Chito Santiago 13 Jan 2017
The Republic of Korea (RoK) is the first sovereign to kick off the issuance in the G3 bond market out of Asia with a tightly priced US$1 billion global offering on January 12 and achieved its lowest coupon and spread ever.
The SEC-registered 10-year bonds were priced at 98.955% with a coupon of 2.75% to offer a yield of 2.871%. This was equivalent to a spread of 55bp over the US treasuries, or at the tight end of the final price guidance of between 55bp and 60bp.

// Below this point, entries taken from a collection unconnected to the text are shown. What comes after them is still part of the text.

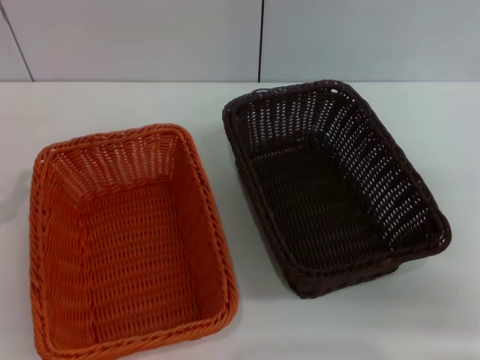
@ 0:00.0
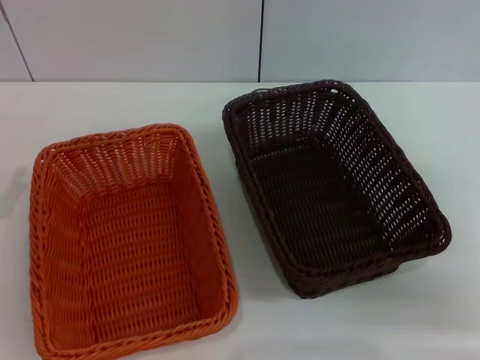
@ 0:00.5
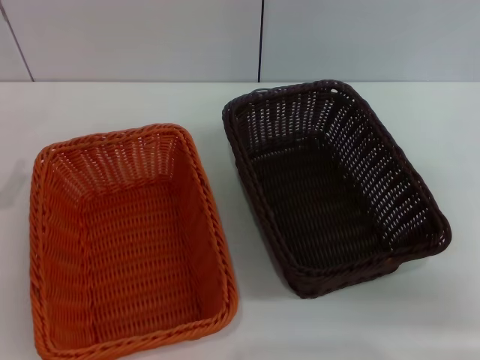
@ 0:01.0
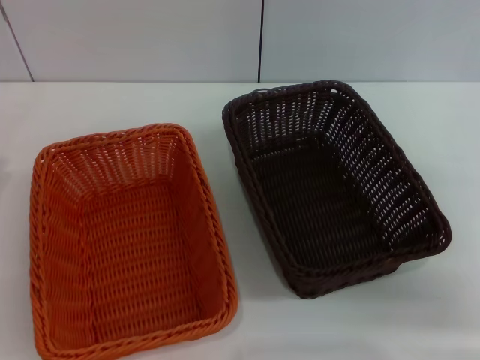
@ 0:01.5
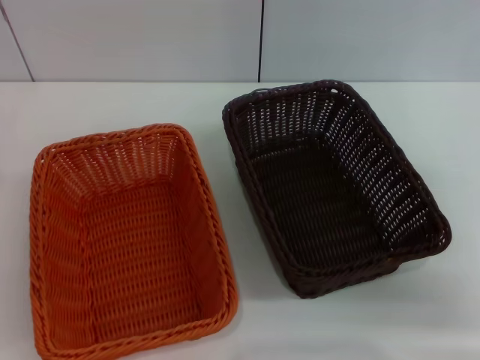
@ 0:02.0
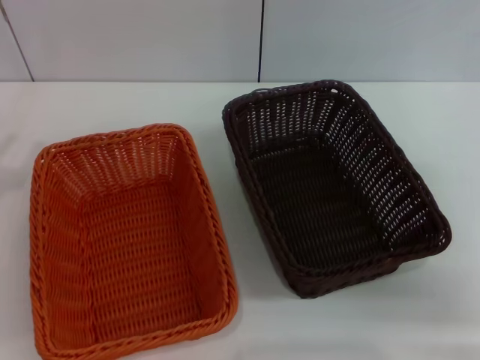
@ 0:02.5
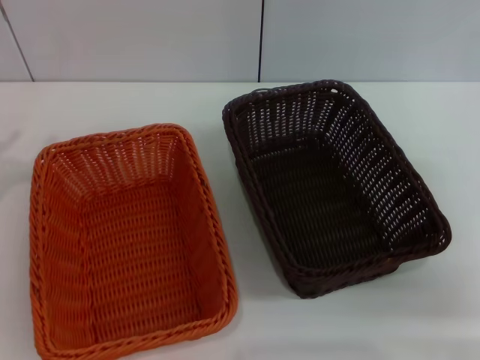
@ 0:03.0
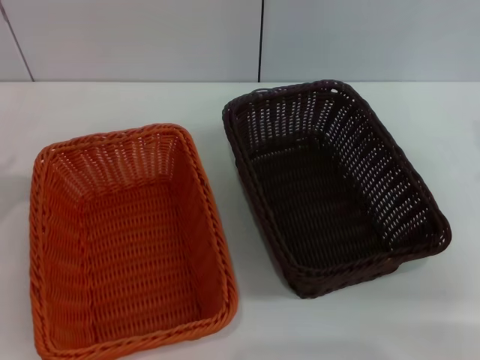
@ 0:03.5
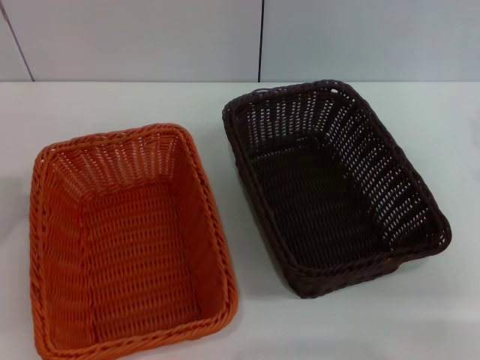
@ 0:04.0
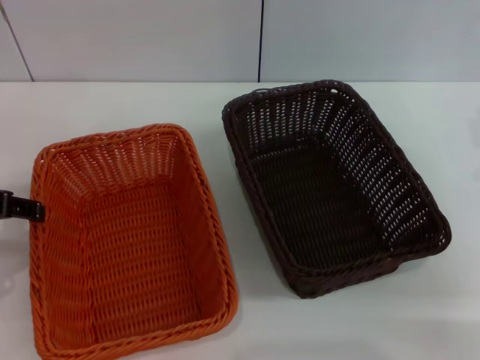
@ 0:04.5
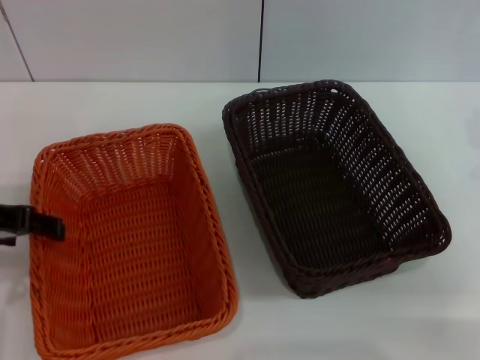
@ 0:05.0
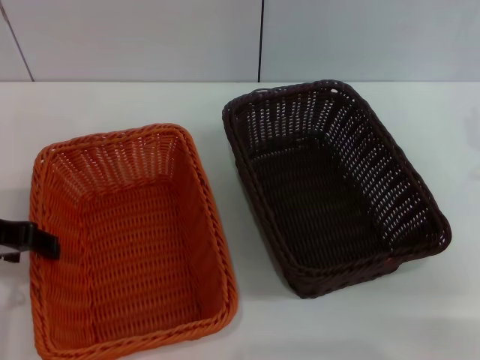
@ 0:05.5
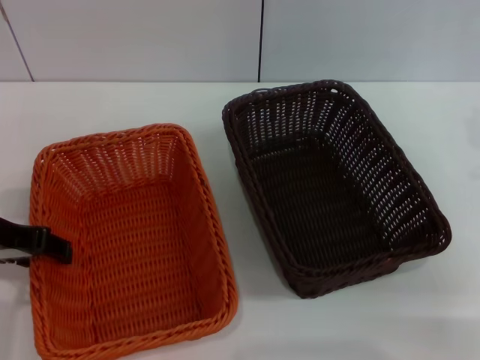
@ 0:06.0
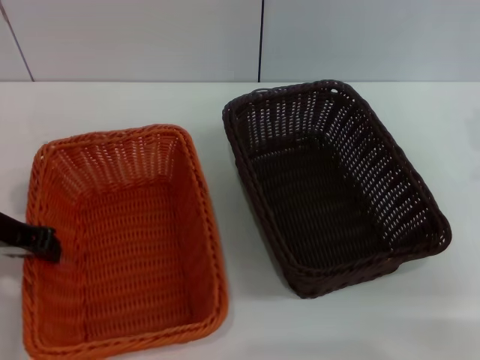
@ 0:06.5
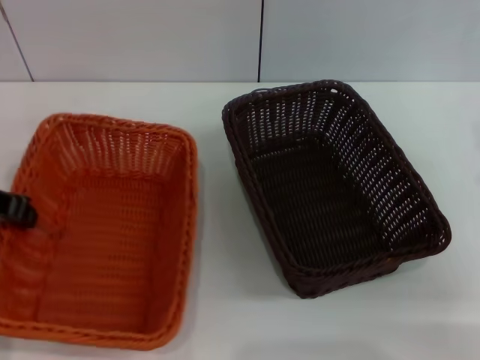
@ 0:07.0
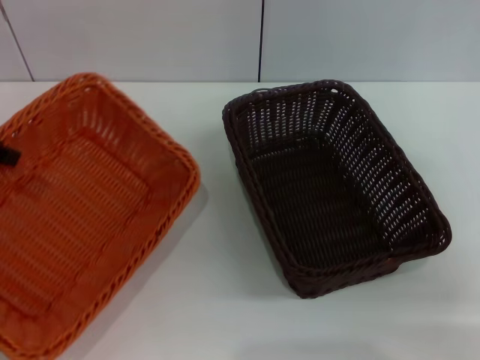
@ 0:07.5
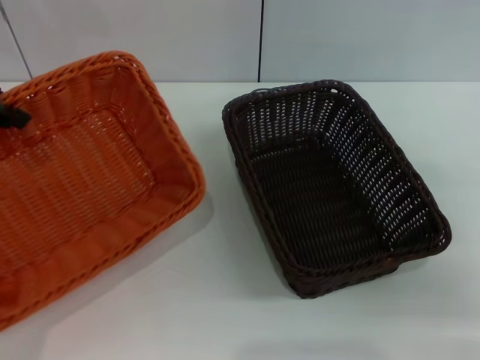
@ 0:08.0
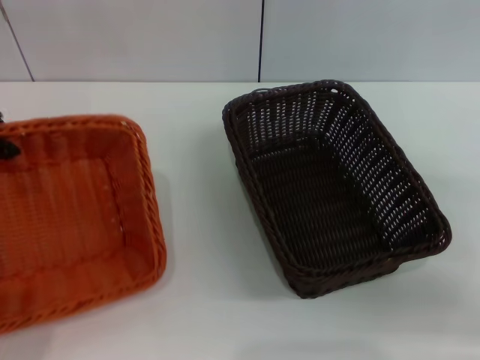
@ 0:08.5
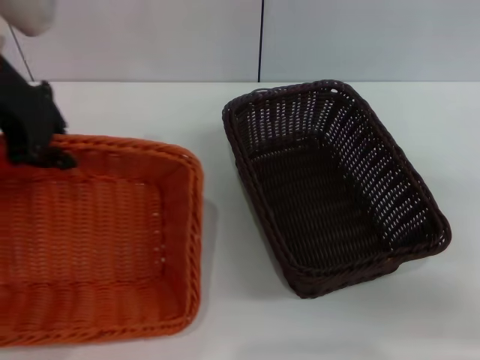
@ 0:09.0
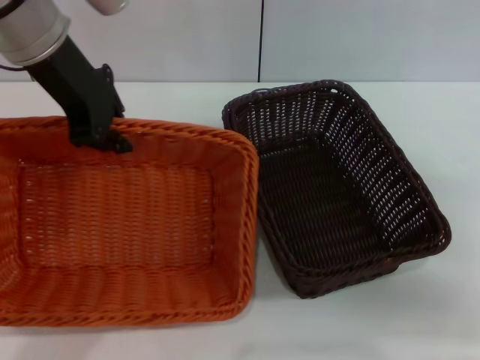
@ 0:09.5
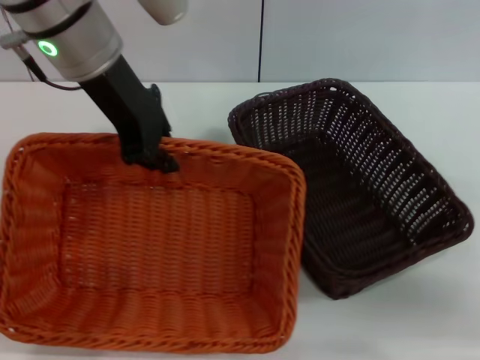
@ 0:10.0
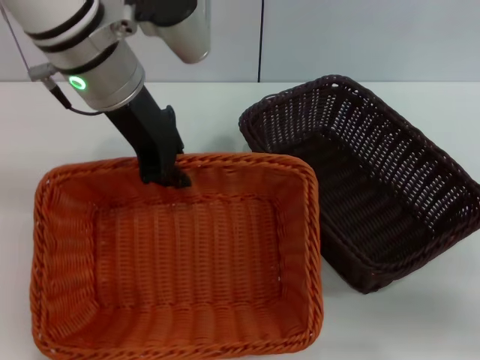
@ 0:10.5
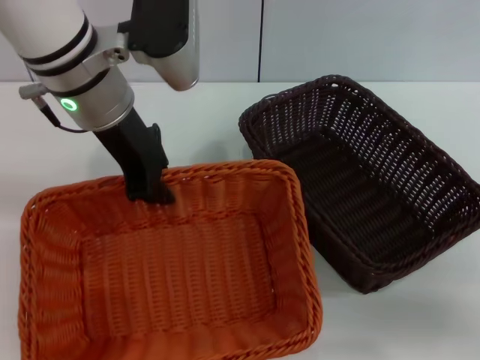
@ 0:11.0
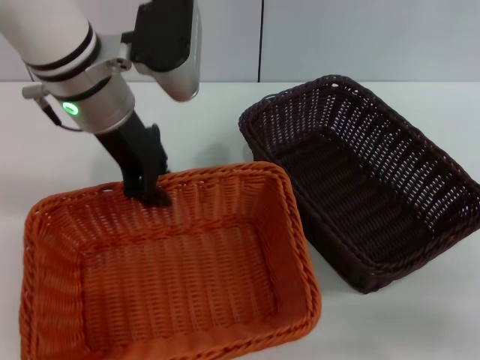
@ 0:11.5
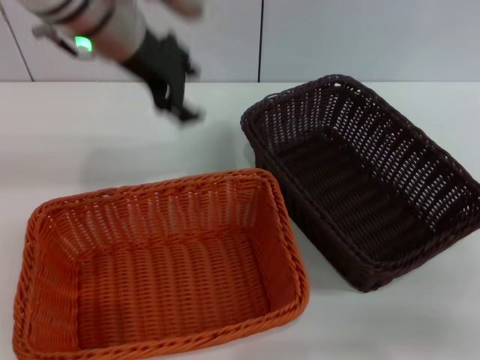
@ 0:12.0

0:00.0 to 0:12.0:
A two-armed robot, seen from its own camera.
Step, 0:00.0 to 0:06.5: Pick up the light basket with the left gripper.
Step, 0:07.0 to 0:11.5: Place the light basket in the center of view with the left gripper.
0:04.0 to 0:06.0: The left gripper heads to the right and downward, covering some 10 cm.
0:06.0 to 0:08.0: The left gripper shifts roughly 15 cm upward and forward, and closes up.
0:08.0 to 0:10.0: The left gripper heads to the right, covering some 15 cm.
0:10.0 to 0:12.0: The left gripper opens up.

The bonds tightened further in the secondary market and they were trading at 50bp in the morning of January 13. This deal marked the return of the RoK into the US dollar bond market after more than two years, having printed a 30-year issue amounting to US$1 billion in June 2014. It previously accessed the Panda bond market in December 2015 with a 3 billion renminbi offering – the first ever by a sovereign since the Panda bond market further opened up in the second half of 2015.

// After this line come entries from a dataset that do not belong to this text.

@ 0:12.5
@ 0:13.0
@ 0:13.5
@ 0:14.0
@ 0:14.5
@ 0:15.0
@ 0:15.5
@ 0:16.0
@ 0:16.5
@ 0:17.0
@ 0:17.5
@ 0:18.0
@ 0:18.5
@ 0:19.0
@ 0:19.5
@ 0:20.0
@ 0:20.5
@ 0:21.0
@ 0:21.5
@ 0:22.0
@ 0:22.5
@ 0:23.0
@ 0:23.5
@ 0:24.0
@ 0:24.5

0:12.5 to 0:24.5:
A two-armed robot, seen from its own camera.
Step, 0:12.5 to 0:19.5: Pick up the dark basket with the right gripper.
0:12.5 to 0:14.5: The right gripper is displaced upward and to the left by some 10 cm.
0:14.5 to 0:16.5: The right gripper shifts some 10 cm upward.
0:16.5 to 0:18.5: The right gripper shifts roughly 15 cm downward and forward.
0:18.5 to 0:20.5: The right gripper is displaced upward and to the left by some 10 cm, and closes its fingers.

“The RoK has had its share of headlines recently and this tightly-priced transaction is a strong statement about its continued strength in the market,” says a banker familiar with the deal. “It was also important to set a benchmark for other Korean issuers, who will be able to benefit from this attractive price level.”
The deal garnered an order book which at its peak was in excess of US$3 billion that enabled the RoK to push down pricing aggressively from the initial guidance of between 70bp and 75bp, and to finally price the bonds at 55bp. In terms of relative value, the RoK’s existing 2023 bonds were trading at Treasuries + 78bp, or a G-spread of 53bp, so their 10-year bonds basically came flat to their five-year, the banker points out.
The bonds were also priced inside the similarly AA-rated Canadian provinces with the bonds issued by the province of Alberta trading at G-spread of 63bp, Ontario at G-spread of 56bp and Manitoba at G-spread of 60bp. They were also competitively priced versus some of the RoK peers with the bonds by Development Bank of Japan trading at G-spread of 55bp and Japan Bank for International Cooperation at G-spread of 56bp.
The final price guidance saw a lot of attrition in the total order book, which amounted to US$1.4 billion from 70 accounts, with 54% of the bonds allocated in Asia, 25% in the US and 21% in Europe. By type of investors, fund managers and insurance companies accounted for 37% each, banks 19%, public sector 3%, and private banks and pension funds 2% each.

Bank of America Merrill Lynch, Citi, Goldman Sachs, HSBC, J.P. Morgan, Korea Development Bank and Samsung Securities acted as the joint bookrunners for the transaction.